Todd VanDerWerff: I'm married. Like with any married person, I would think, there have been moments when all I've wanted to do is kill my wife. I haven't followed through with it, obviously, and on the whole, my life is more enriched by her than it's not, but living with another person is all about that carefully controlled sense of making sure your lives calibrate. The Watsons are unable to do this because they're unable to fall into the rigidly prescribed roles their society holds for them. They both try to, but they both seem uninterested, ultimately. It's tempting to say that in our "modern" age, they'd feel more free to express themselves, or to escape the marriage via divorce, but I'm not entirely sure this is likely. By and large, people end up doing what's easiest, and that would likely mean these two would stay knitted together.
Yet I kept wanting them to work it out, and I saw how easy it could be before the gulf between them grew irrevocably large. I found portions of their initial meeting sort of… well, not charming, but definitely optimistic.

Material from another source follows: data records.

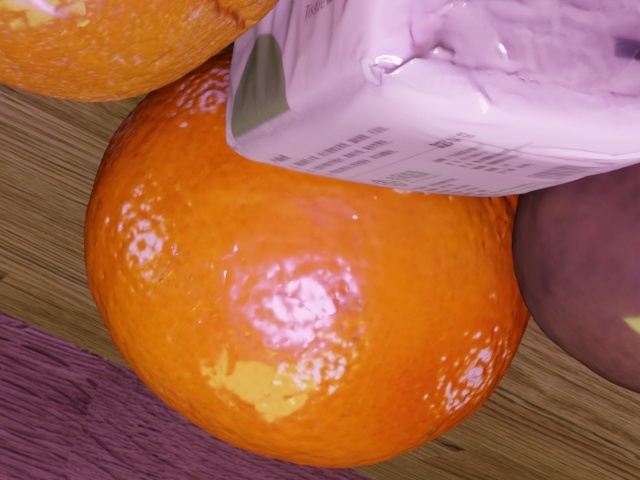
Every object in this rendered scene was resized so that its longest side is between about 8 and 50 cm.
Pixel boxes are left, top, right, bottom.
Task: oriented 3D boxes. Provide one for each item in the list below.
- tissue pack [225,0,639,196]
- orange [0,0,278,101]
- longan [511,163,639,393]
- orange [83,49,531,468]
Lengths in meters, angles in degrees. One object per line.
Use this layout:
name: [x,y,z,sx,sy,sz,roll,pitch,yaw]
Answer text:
tissue pack: [0.104,-0.147,1.362,0.266,0.193,0.356,8,173,-19]
orange: [-0.152,-0.254,1.250,0.322,0.322,0.357,14,178,18]
longan: [0.310,-0.001,1.539,0.297,0.297,0.297,18,161,6]
orange: [0.000,0.000,1.685,0.424,0.424,0.326,25,125,-13]

These are two people desperate to escape themselves, and they grasp onto whatever they can find. While things fall apart roughly immediately (the wedding night is a real terror), the first two sections of the book could so easily be cleared up by them having a conversation about what they expect and hope for from the marriage that it seems absurd. By the time they actually do this, of course, everything is too far gone, and Anne cannot get John to leave his books long enough to take her on the trip she so wants. But for the first 75 pages or so? It seems like a modern-day marriage counselor could get these two sorted out, or at least figure out a way to effect an amicable separation.
Of course, that could just be my inner optimist holding sway. What I really think Bainbridge is getting at here is the way Victorian social mores kept pinning people into lives they didn't want to be in, then didn't provide them with escape routes. That's not to say these sorts of things can't happen in our day and age, but the world offers so many escape routes that it's easier to imagine a version of John and Anne that take hold of them. And, honestly, John tries to, by burying himself in his books. Which is why, ultimately, I sympathized with Anne far more than John, and am rather surprised by those of you who found her repulsive. She acts repulsively, but she's so nakedly, broadly lonely that I find it hard to grant her anything but the utmost sympathy. She's a harridan, yes, but only because she doesn't have any other person to be. John can be a husband or a teacher or a scholar or a writer. Anne is pretty much left with just being a wife, and when that avenue closes off for her, she turns to being as annoying as possible, just to be heard.